I'm thinking that deduplication might be especially useful for all
those copies of Windows System Objects that are backed up
periodically, for sites that have large numbers of Windows client
nodes. TSM/Windows is unable to back them up incrementally, which
means each backup of a System Object is another copy. If you keep
the default 3 copies, and have 500 systems, that's 1500
copies. Granted, not backing up the files that haven't changed in
the first place would be best, but that doesn't seem to be an option
with Windows and TSM. I don't know about front-end dedup such as Avamar.

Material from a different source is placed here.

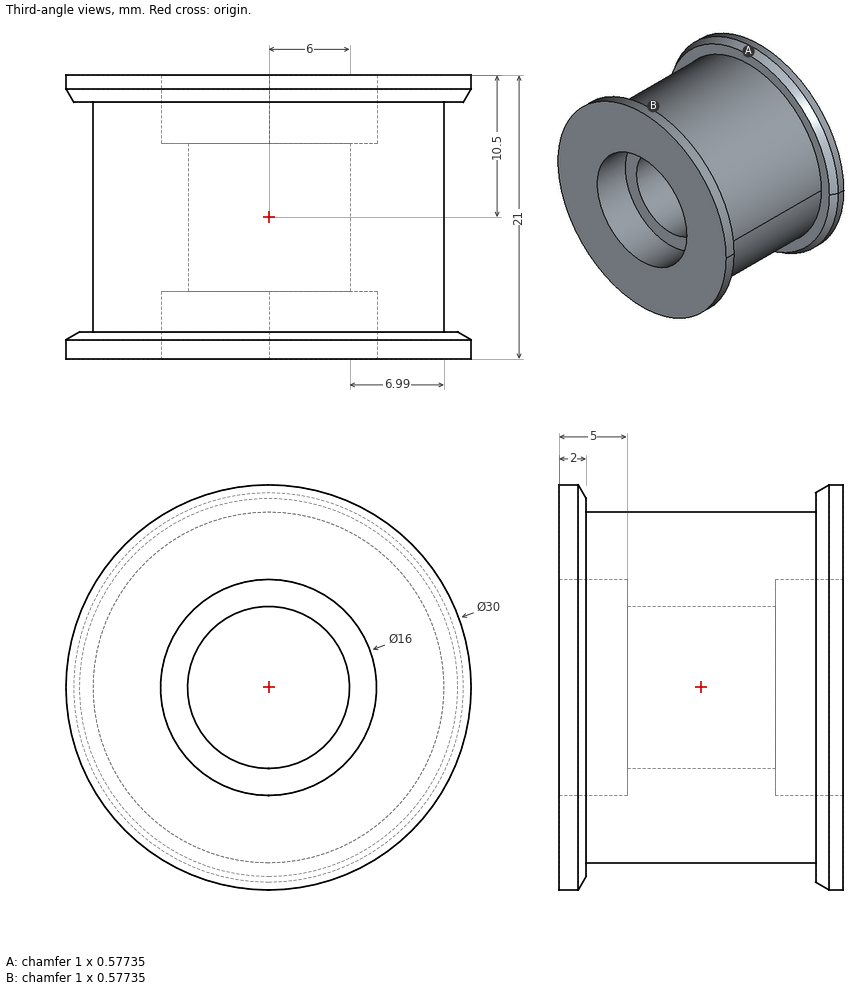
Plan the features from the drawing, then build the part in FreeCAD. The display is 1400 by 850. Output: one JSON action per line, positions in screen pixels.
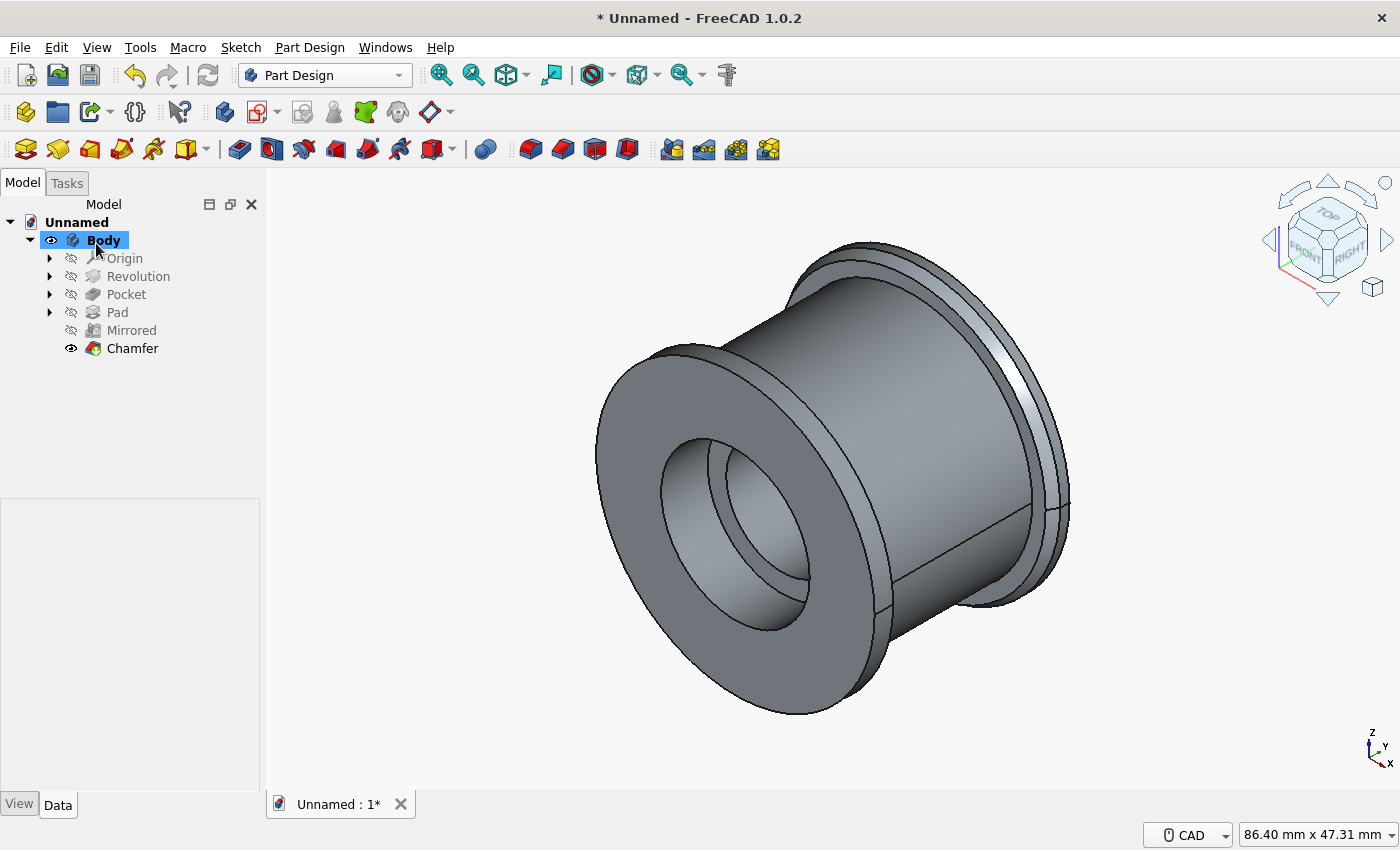
{"action": "key", "text": "2"}

With Vista, we see the System Object climbing to 7-8GB per copy. In
the above scenario, that would be 12TB without deduplication. Of
course, if you've chosen not to backup System Objects, then this
won't be a factor for you.

It would be easy to target just these System Object files to a
different storage pool on a dedup VTL. The reduction for these files
should be substantial, I would think.

I would agree with your statement that you have to "know your data",
and think about this some. I'm not convinced that throwing a dedup
VTL behind TSM for *all* of your data makes financial sense with
TSM. I'm on the fence about this, until I see some hard
numbers. But I do think there are some good opportunities for
putting a smaller dedup VTL behind TSM for *some* of your data, if
you know which data will dedup well, and if you have enough of it to
make financial sense in your shop.

..Paul

At 08:55 AM 9/1/2007, Wanda Prather wrote:
[quote]"It depends".

Just another thing to think about:

Yes, it sounds cool to reduce the footprint of all those XP files if you
have hundreds of XP systems.

But, at a site where we were backing up about 200 desktops along with
Windoze severs, I sat down and actually spent a bunch of time looking at
what was really getting backed up (there's no quick and easy way to get
this info out of TSM.)

Those OS files, while annoying, are read-only (translation, only 1 copy
per client) and are actually a very small part of today's very large hard
drives. At that particular site where I did the study, I calculated that
the OS files from 200 Windows systems made up less than 10% of the total
data stored in TSM.

Result: Not the place to spend $ or effort in reducing backup footprint.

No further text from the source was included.